*** Given records Section Begins ***

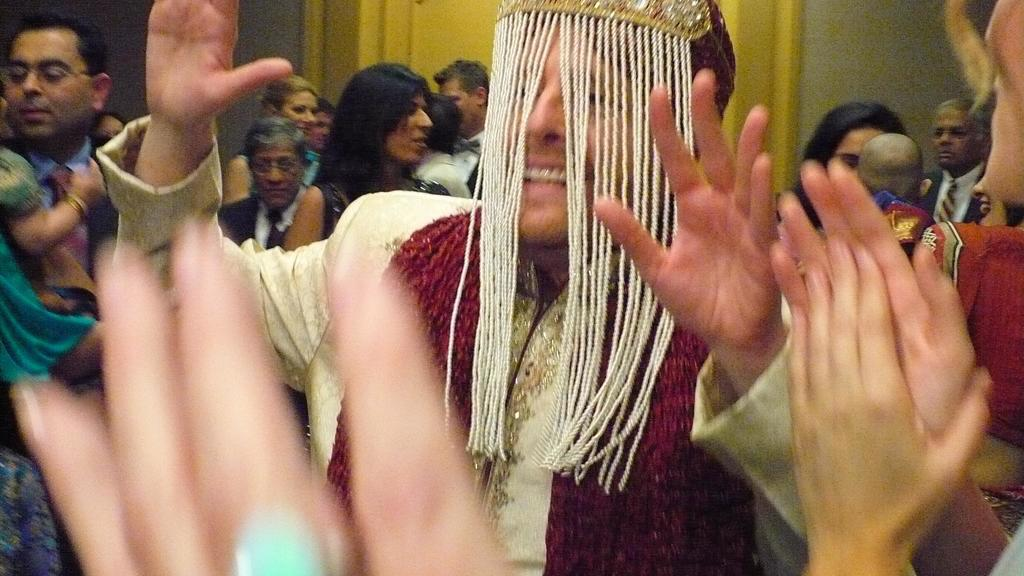How many people are in the image? There is a group of people in the image, but the exact number cannot be determined from the provided facts. What is behind the people in the image? There is a wall behind the people in the image. Can you describe any features of the wall? There appears to be a door in the wall. What type of drug can be seen in the hands of the people in the image? There is no mention of any drugs in the image, so it is not possible to answer that question. 
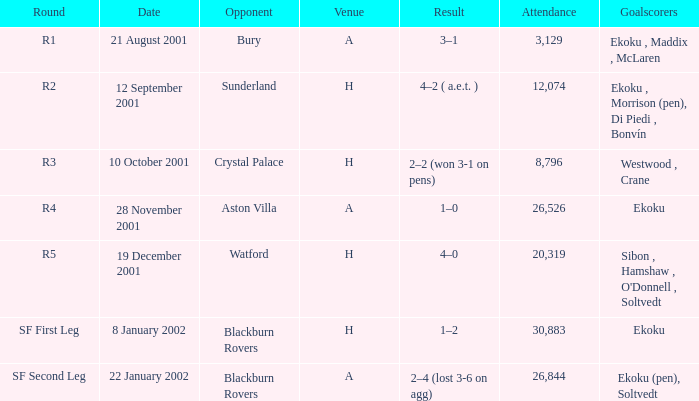Which result has sunderland as opponent? 4–2 ( a.e.t. ). 
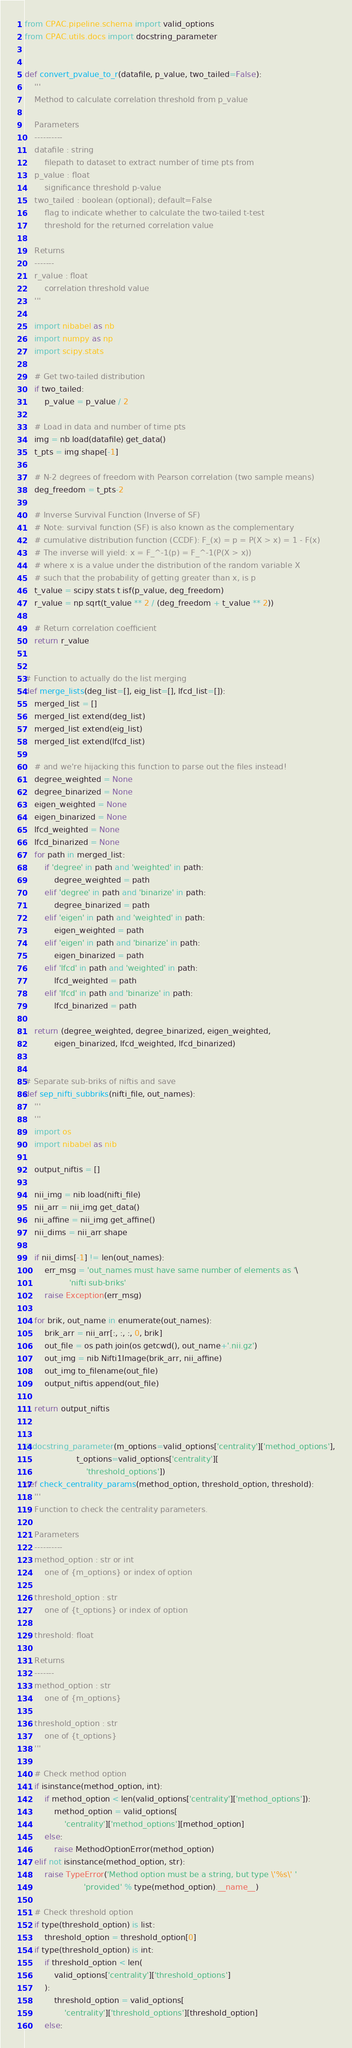Convert code to text. <code><loc_0><loc_0><loc_500><loc_500><_Python_>from CPAC.pipeline.schema import valid_options
from CPAC.utils.docs import docstring_parameter


def convert_pvalue_to_r(datafile, p_value, two_tailed=False):
    '''
    Method to calculate correlation threshold from p_value

    Parameters
    ----------
    datafile : string
        filepath to dataset to extract number of time pts from
    p_value : float
        significance threshold p-value
    two_tailed : boolean (optional); default=False
        flag to indicate whether to calculate the two-tailed t-test
        threshold for the returned correlation value

    Returns
    -------
    r_value : float
        correlation threshold value
    '''

    import nibabel as nb
    import numpy as np
    import scipy.stats

    # Get two-tailed distribution
    if two_tailed:
        p_value = p_value / 2

    # Load in data and number of time pts
    img = nb.load(datafile).get_data()
    t_pts = img.shape[-1]

    # N-2 degrees of freedom with Pearson correlation (two sample means)
    deg_freedom = t_pts-2

    # Inverse Survival Function (Inverse of SF)
    # Note: survival function (SF) is also known as the complementary
    # cumulative distribution function (CCDF): F_(x) = p = P(X > x) = 1 - F(x)
    # The inverse will yield: x = F_^-1(p) = F_^-1(P(X > x))
    # where x is a value under the distribution of the random variable X
    # such that the probability of getting greater than x, is p
    t_value = scipy.stats.t.isf(p_value, deg_freedom)
    r_value = np.sqrt(t_value ** 2 / (deg_freedom + t_value ** 2))

    # Return correlation coefficient
    return r_value


# Function to actually do the list merging
def merge_lists(deg_list=[], eig_list=[], lfcd_list=[]):
    merged_list = []
    merged_list.extend(deg_list)
    merged_list.extend(eig_list)
    merged_list.extend(lfcd_list)

    # and we're hijacking this function to parse out the files instead!
    degree_weighted = None
    degree_binarized = None
    eigen_weighted = None
    eigen_binarized = None
    lfcd_weighted = None
    lfcd_binarized = None
    for path in merged_list:
        if 'degree' in path and 'weighted' in path:
            degree_weighted = path
        elif 'degree' in path and 'binarize' in path:
            degree_binarized = path
        elif 'eigen' in path and 'weighted' in path:
            eigen_weighted = path
        elif 'eigen' in path and 'binarize' in path:
            eigen_binarized = path
        elif 'lfcd' in path and 'weighted' in path:
            lfcd_weighted = path
        elif 'lfcd' in path and 'binarize' in path:
            lfcd_binarized = path

    return (degree_weighted, degree_binarized, eigen_weighted,
            eigen_binarized, lfcd_weighted, lfcd_binarized)


# Separate sub-briks of niftis and save
def sep_nifti_subbriks(nifti_file, out_names):
    '''
    '''
    import os
    import nibabel as nib

    output_niftis = []

    nii_img = nib.load(nifti_file)
    nii_arr = nii_img.get_data()
    nii_affine = nii_img.get_affine()
    nii_dims = nii_arr.shape

    if nii_dims[-1] != len(out_names):
        err_msg = 'out_names must have same number of elements as '\
                  'nifti sub-briks'
        raise Exception(err_msg)

    for brik, out_name in enumerate(out_names):
        brik_arr = nii_arr[:, :, :, 0, brik]
        out_file = os.path.join(os.getcwd(), out_name+'.nii.gz')
        out_img = nib.Nifti1Image(brik_arr, nii_affine)
        out_img.to_filename(out_file)
        output_niftis.append(out_file)

    return output_niftis


@docstring_parameter(m_options=valid_options['centrality']['method_options'],
                     t_options=valid_options['centrality'][
                         'threshold_options'])
def check_centrality_params(method_option, threshold_option, threshold):
    '''
    Function to check the centrality parameters.

    Parameters
    ----------
    method_option : str or int
        one of {m_options} or index of option

    threshold_option : str
        one of {t_options} or index of option

    threshold: float

    Returns
    -------
    method_option : str
        one of {m_options}

    threshold_option : str
        one of {t_options}
    '''

    # Check method option
    if isinstance(method_option, int):
        if method_option < len(valid_options['centrality']['method_options']):
            method_option = valid_options[
                'centrality']['method_options'][method_option]
        else:
            raise MethodOptionError(method_option)
    elif not isinstance(method_option, str):
        raise TypeError('Method option must be a string, but type \'%s\' '
                        'provided' % type(method_option).__name__)

    # Check threshold option
    if type(threshold_option) is list:
        threshold_option = threshold_option[0]
    if type(threshold_option) is int:
        if threshold_option < len(
            valid_options['centrality']['threshold_options']
        ):
            threshold_option = valid_options[
                'centrality']['threshold_options'][threshold_option]
        else:</code> 
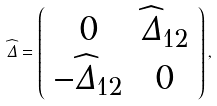<formula> <loc_0><loc_0><loc_500><loc_500>\widehat { \Delta } = \left ( \begin{array} { c c } 0 & \widehat { \Delta } _ { 1 2 } \\ - \widehat { \Delta } _ { 1 2 } & 0 \end{array} \right ) ,</formula> 
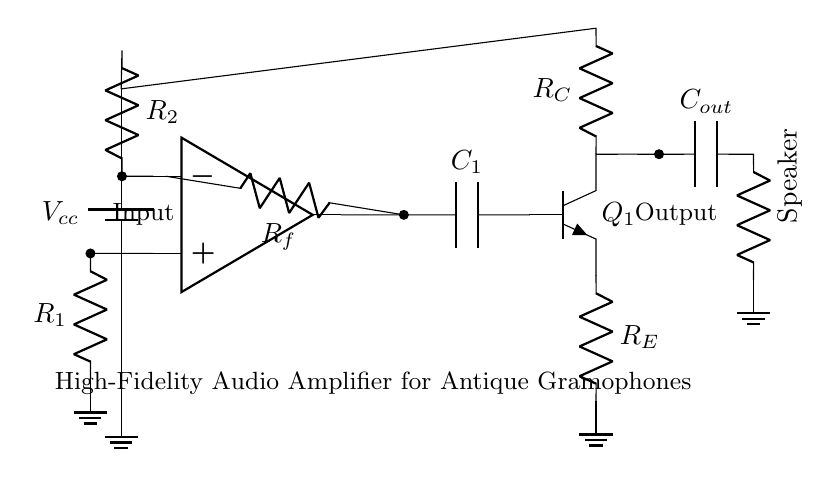What is the primary function of the circuit? The primary function of the circuit is to amplify audio signals from antique gramophones, providing a high-fidelity output suitable for playback.
Answer: Amplification What type of amplifier component is used in this circuit? The circuit contains an operational amplifier, which is crucial for signal amplification and conditioning.
Answer: Operational amplifier How many resistors are present in the circuit? The circuit consists of three resistors: R1, R2, and Rf, which are essential for setting gain and feedback in the amplifier.
Answer: Three What is the purpose of C1 in the circuit? Capacitor C1 is used for coupling, allowing AC audio signals to pass while blocking DC components, ensuring that only the intended audio frequencies are amplified.
Answer: Coupling What is the output load of this amplifier? The output load in this circuit is indicated as a speaker, which converts the amplified electrical signal back into sound.
Answer: Speaker What is the significance of R_E in the output stage? Resistor R_E is an emitter resistor that helps stabilize the biasing of the transistor Q1, ensuring linear operation and enhancing overall circuit stability.
Answer: Stability What is the voltage source labeled as? The voltage source in the circuit is labeled as V_cc, which powers the operational amplifier and the output stage.
Answer: V_cc

*** Given records Section Ends ***

> Task brief: Repeat the lines exactly as they stand, from the opening line of the data through the line with "datafile : string". Pictures stay out of the copy.

> Reply to the task:
How many people are in the image? There is a group of people in the image, but the exact number cannot be determined from the provided facts. What is behind the people in the image? There is a wall behind the people in the image. Can you describe any features of the wall? There appears to be a door in the wall. What type of drug can be seen in the hands of the people in the image? There is no mention of any drugs in the image, so it is not possible to answer that question. 
Which result has sunderland as opponent? 4–2 ( a.e.t. ). 
Convert code to text. <code><loc_0><loc_0><loc_500><loc_500><_Python_>from CPAC.pipeline.schema import valid_options
from CPAC.utils.docs import docstring_parameter


def convert_pvalue_to_r(datafile, p_value, two_tailed=False):
    '''
    Method to calculate correlation threshold from p_value

    Parameters
    ----------
    datafile : string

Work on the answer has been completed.